I am a Haskell programmer who got to use OPAM when installing Coq (HoTT version) recently. It was surprisingly nice.
Also, you can pick which version of the compiler to run, and have it manage switching everything.
It seemed like it was years ahead of cabal, but that might just be because I only used it a little, I don't know. But there are some things to learn from OPAM.
Do you have a blog post like this, or something I could post the the Haskell subreddit?
(How to pin a development is central to the day-to-day development workflow of OCaml/OPAM users and quite annoying to change after-the-fact, so we're eager for feedback on this iteration before we bake it into the 1.2.0 release).
The OPAM blog is only about 2 weeks old, so there'll are quite a few more posts coming up as our developers discover there's quite a lot to write about :)
(It looks like your rss feed is broken somehow. If I subscribe, and then try and view your site I get about:blanks, at least in InoReader. But I can view it in the reader fine.)
OPAM itself compiles on Windows, but most of the package repository doesn't. That's next on our list after the 1.2.0 release comes out (along with cross compilation for targets like iOS, Android and Java, due to the availability of compiler backends for all of these systems now).
We've taken a pretty good shot at this in the OCaml ecosystem the via OPAM package manager (https://opam.ocaml.org).
* OPAM composes its package universe from a collection of remotes, which can be fetched either via HTTP(S), Git, Hg or Darcs. The resulting package sets are combined locally into one view, but can be separated easily. For instance, getting a view into the latest XenAPI development trees just requires "opam remote add xapi-dev git://github.com/xapi-project/opam-repo-dev".

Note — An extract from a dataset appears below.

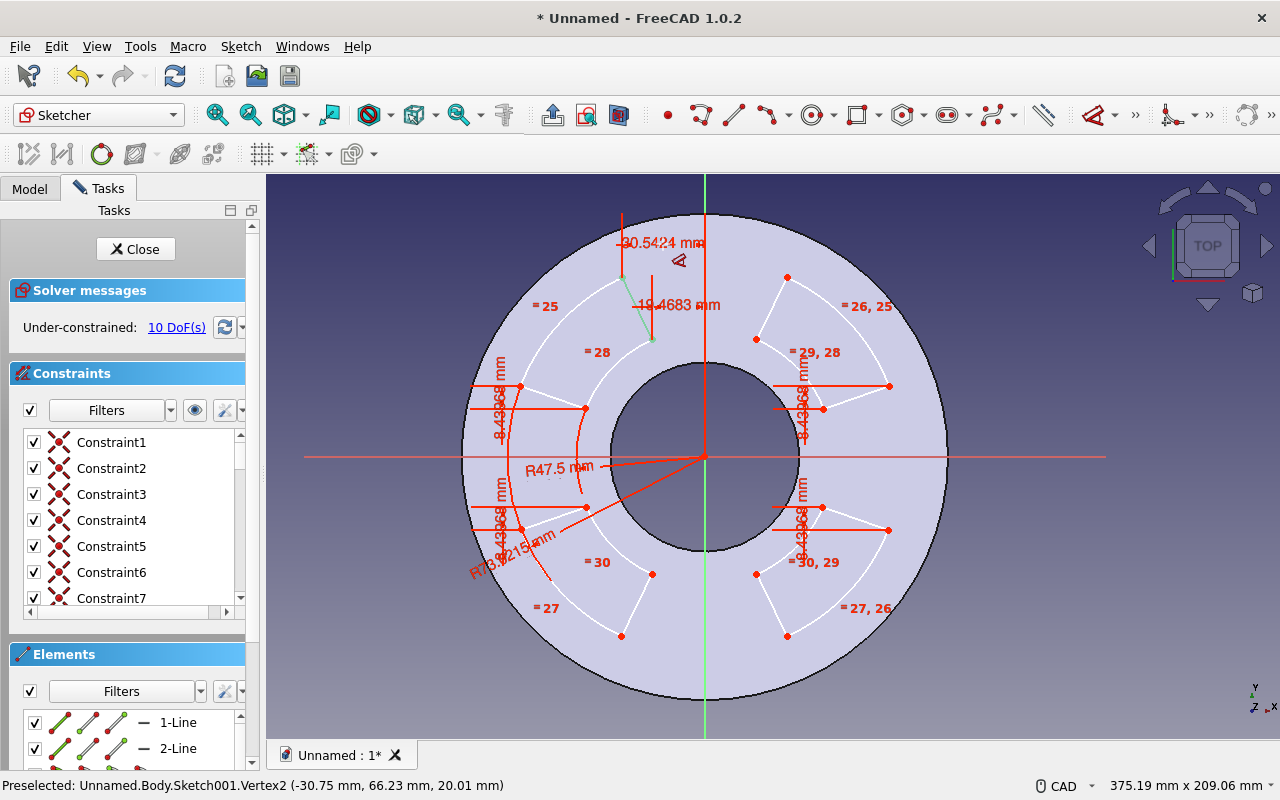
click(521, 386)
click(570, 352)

* The same feature applies to pinning packages ("opam pin add cohttp git://github.com/avsm/ocaml-cohttp#v0.6"). This supports local trees and remote Git/Hg/Darcs remotes (including branches).
* OCaml, like Haskell, is statically typed, and so recompiles all the upstream dependencies of a package once its updated. This lets me work on core OCaml libraries that are widely used, and just do an "opam update -u" to recompile all dependencies to check for any upstream breakage. We did not go for the very pure NixOS model due to the amount of time it takes to compile distinct packages everywhere. This is a design choice to balance composability vs responsiveness, and Nix or 0install are fine choices if you want truely isolated namespaces.
* By far the most important feature in OPAM is the package solver core, which resolves version constraints into a sensible user-facing solution. Rather than reinvent the (rather NP-hard) solver from scratch, OPAM provides a built-in simple version and also a CUDF-compatible interface to plug into external tools like aspcud, which are used by other huge repositories such as Debian to handle their constraints.
This use of CUDF leads to some cool knobs and utilities, such as the OPAM weather service to test for coinstallability conflicts: http://ows.irill.org/ and the solver preferences that provide apt-like preferences: https://opam.ocaml.org/doc/Specifying_Solver_Preferences.htm...
* Testing in a decentralized system is really, really easy by using Git as a workflow engine. We use Travis to test all incoming pull requests to OPAM, much like Homebrew does, and can also grab a snapshot of a bunch of remotes and do bulk builds, whose logs are then pushed into a GitHub repo for further analysis: https://github.com/ocaml/opam-bulk-logs (we install external dependencies for bulk builds by using Docker for Linux, and Xen for *BSD: https://github.com/avsm/docker-opam).
All in all, I'm very pleased with how OPAM is coming along. We use it extensively for the Mirage OS unikernel that's written in OCaml (after all, it makes sense for a library operating system to demand top-notch package management).